Posted on 2 Gennaio 202626 Aprile 2026 By Lucio Celot

S.King, Pet Sematary (1983)

Il romanzo di King è un meraviglioso ritratto di famiglia e anche il libro più spaventoso che abbia mai scritto…Brillante, ponderato, acuto, King non è mai stato un artista tanto umano come qui.

(“Publishers Weekly”)

Un’opera di qualità tale da trascendere il genereper diventare un testo letterario indimenticabile sulla morte e sul lutto

(“The Portsmouth Herald”)

Quando l’ho terminato, l’ho infilato in un cassetto.

(SK)

C’è molto di autobiografico in questo che è uno dei più riusciti e terrificanti romanzi del Re: in un’intervista del 2006 King ricorda la casa di Orrington nel Maine dove abitava con i figli ancora piccoli, la strada dove sfrecciavano i camion (“una scala mobile mortale per animali randagi”), il cimitero degli animali, la piccola Naomi che piangeva perché rivoleva indietro Smucky, il suo gatto morto, il seppellimento dell’animale nel piccolo cimitero, il figlio Owen di due anni salvato dal padre da un camion che stava per investirlo…C’è tutto questo e (ovviamente) molto di più in Pet Sematary, romanzo del 1983, così cupo e pessimista che lo stesso King confessò di averlo messo in un cassetto al termine della stesura e di avere pensato di pubblicarlo, come aveva già fatto con altri romanzi, col nom de plume di Richard Bachman; questioni legali di contratto e presunte penali da versare all’editore, nonché la pressione dei lettori, convinsero invece King ad una rapida riscrittura e alla pubblicazione in tempi rapidi con la Doubleday, la casa editrice dei maggiori successi dello scrittore di Bangor. E, in effetti, Pet Sematary è stato candidato al World Fantasy Award come migliore romanzo del 1984.

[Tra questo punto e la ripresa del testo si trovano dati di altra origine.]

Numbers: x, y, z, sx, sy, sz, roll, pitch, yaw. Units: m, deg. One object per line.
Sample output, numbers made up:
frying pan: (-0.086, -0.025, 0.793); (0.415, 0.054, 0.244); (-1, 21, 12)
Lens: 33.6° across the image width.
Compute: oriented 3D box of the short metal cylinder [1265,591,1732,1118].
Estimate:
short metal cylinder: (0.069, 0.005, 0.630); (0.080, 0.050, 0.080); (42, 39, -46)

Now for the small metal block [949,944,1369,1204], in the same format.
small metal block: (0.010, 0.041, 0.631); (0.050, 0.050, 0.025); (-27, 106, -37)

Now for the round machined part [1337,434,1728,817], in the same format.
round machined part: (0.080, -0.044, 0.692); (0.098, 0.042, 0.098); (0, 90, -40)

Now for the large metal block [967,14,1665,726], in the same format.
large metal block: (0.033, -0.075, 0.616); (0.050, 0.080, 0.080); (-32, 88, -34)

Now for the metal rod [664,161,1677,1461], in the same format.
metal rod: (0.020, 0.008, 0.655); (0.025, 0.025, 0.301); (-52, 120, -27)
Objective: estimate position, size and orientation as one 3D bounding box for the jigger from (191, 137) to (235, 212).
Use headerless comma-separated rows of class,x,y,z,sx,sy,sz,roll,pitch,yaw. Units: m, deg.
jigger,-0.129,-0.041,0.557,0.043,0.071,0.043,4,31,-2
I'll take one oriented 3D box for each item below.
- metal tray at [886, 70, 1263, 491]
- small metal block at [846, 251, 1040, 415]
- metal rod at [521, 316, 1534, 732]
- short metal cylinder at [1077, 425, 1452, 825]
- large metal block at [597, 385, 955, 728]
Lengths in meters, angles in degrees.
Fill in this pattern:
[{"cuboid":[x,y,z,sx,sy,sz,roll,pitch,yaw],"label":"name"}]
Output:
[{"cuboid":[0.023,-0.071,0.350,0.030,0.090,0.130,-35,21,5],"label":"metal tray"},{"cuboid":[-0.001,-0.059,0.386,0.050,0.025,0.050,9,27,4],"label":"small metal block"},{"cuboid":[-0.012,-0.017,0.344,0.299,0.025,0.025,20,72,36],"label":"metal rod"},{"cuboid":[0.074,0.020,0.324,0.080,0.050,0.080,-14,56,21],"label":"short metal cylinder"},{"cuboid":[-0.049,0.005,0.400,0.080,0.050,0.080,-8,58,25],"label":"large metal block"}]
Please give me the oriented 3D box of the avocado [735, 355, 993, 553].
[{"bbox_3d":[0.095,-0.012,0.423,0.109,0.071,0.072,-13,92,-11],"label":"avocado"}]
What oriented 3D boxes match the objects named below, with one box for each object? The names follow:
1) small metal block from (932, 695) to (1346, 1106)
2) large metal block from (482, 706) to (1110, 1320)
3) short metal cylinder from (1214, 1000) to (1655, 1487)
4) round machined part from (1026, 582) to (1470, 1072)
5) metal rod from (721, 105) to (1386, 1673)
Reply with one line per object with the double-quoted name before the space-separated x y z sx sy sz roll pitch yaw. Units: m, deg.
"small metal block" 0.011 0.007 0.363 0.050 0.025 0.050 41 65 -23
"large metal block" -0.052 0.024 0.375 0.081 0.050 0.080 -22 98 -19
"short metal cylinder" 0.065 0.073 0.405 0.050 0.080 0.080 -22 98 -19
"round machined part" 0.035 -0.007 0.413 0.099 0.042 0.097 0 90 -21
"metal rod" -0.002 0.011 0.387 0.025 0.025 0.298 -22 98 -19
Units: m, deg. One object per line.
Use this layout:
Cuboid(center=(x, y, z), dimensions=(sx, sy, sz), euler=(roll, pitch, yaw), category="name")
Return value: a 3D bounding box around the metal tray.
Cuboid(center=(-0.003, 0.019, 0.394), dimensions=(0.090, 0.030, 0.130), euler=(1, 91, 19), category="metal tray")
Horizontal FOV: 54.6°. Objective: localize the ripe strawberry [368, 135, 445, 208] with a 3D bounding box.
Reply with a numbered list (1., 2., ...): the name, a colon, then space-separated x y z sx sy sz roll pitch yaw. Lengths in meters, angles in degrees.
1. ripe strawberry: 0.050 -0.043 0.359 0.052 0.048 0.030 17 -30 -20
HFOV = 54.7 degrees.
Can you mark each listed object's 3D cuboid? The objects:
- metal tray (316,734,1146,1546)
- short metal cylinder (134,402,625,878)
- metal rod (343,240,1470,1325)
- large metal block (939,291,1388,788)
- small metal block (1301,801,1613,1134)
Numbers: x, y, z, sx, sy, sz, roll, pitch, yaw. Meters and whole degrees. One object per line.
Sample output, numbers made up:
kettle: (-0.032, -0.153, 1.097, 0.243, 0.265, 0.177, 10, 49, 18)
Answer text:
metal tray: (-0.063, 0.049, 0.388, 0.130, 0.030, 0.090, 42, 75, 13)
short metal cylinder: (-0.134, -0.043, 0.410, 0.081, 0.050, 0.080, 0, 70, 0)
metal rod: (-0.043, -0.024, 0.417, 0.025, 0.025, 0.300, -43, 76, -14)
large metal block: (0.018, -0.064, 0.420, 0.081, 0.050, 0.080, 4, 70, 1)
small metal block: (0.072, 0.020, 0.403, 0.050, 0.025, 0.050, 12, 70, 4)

            La “triste maratona” della storia vede protagonisti la famiglia di Louis Creed e la moglie Rachel, freschi trasferiti in una casa nel Maine con la figlioletta Ellie, il piccolissimo Gage e il gatto Church. Il vicino di cui fanno la conoscenza, l’anziano Jud, li ammonisce sul pericolo rappresentato dalla statale che passa proprio davanti alla loro casa, percorsa quotidianamente da autoarticolati e auto che sfrecciano velocissimi. Jud fa anche visitare alla famigliola il cimitero degli animali che si trova poco lontano, dove i bambini del circondario sono soliti seppellire i loro animaletti domestici quando muoiono, perlopiù uccisi sulla statale. Jud, come tutti gli abitanti del piccolo centro, è anche depositario di un incredibile e sconcertante segreto: a qualche miglio di distanza dal cimitero degli animali ce n’è un altro, circondato e protetto da una foresta abitata da un’inquietante presenza soprannaturale, che si trova sul territorio che un tempo era dei nativi Micmac. Qui Jud guida Louis quando l’amato Church viene investito da un camion: gli fa seppellire la bestiola, gli dice di tornare a casa e di accettare con occhi nuovi quello che succederà. E quello che succede è che Church la mattina dopo ricompare a casa Creed come se non fosse mai morto: solo che non sembra più lui, è lento, goffo, si diverte sadicamente a smembrare i corpi degli altri animali che gli vengono a tiro e, soprattutto, puzza. Puzza di decomposizione e morte. Lasciamo al lettore immaginare cosa passerà per la testa del povero Louis quando a morire straziato dalle ruote di un autoarticolato sarà il piccolo Gage. Le ultima cinquanta pagine di questo romanzo sono implacabili, il ritmo è quasi insostenibile e il finale…beh, il finale è quanto di più macabro, terribile e oscuro si possa pensare dell’umana natura e, ovviamente, non dirò sulla trama una parola di più.

Il Re nel vero cimitero degli animali di Orrington, 1982 (fonte: ranker.com)

Il pessimismo antropologico di King trova in Pet Sematary un’altra straordinaria incarnazione in Louis, il padre che non riesce a fare fronte al dolore della perdita e che, lui medico, si affida ciecamente alla fede nel soprannaturale pur conscio che, aperta quella porta, il Male farà il proprio ingresso nel nostro mondo. Le pagine più belle di Pet Sematary sono quelle che seguono la morte del piccolo Gage e raccontano, con un’empatia che colpisce il cuore del lettore, cosa passa per la testa di un padre e di una madre che perdono un figlio in tenerissima età: l’orrore, lo sconcerto, l’incredulità, lo sconfinamento nella follia, l’impossibilità della rassegnazione e dell’oblio, il rimpianto e i rimorsi. Davvero, sono pagine bellissime e commoventi, degne del grande scrittore che King sa essere nei suoi momenti migliori. Certo, non mancano le sequenze horror da manuale che ci aspettiamo di trovare nelle storie del Re: i rumori e le voci nella foresta che Louis attraversa per compiere la sua empia opera di seppellimento, il figlio “ritornante” ridotto a strumento del Male, la granguignolesca ecatombe finale nonché l’ultima pagina, espressione dell’incapacità dell’uomo di fare tesoro dei propri fallimenti. Un libro sulla morte, la perdita, il lutto e la resurrezione della carne: ma non c’è speranza in un aldilà, solo il rumore di passi che si avvicinano e il tocco di una mano gelida. Quando il Re lo vuole, sa colpire davvero molto basso…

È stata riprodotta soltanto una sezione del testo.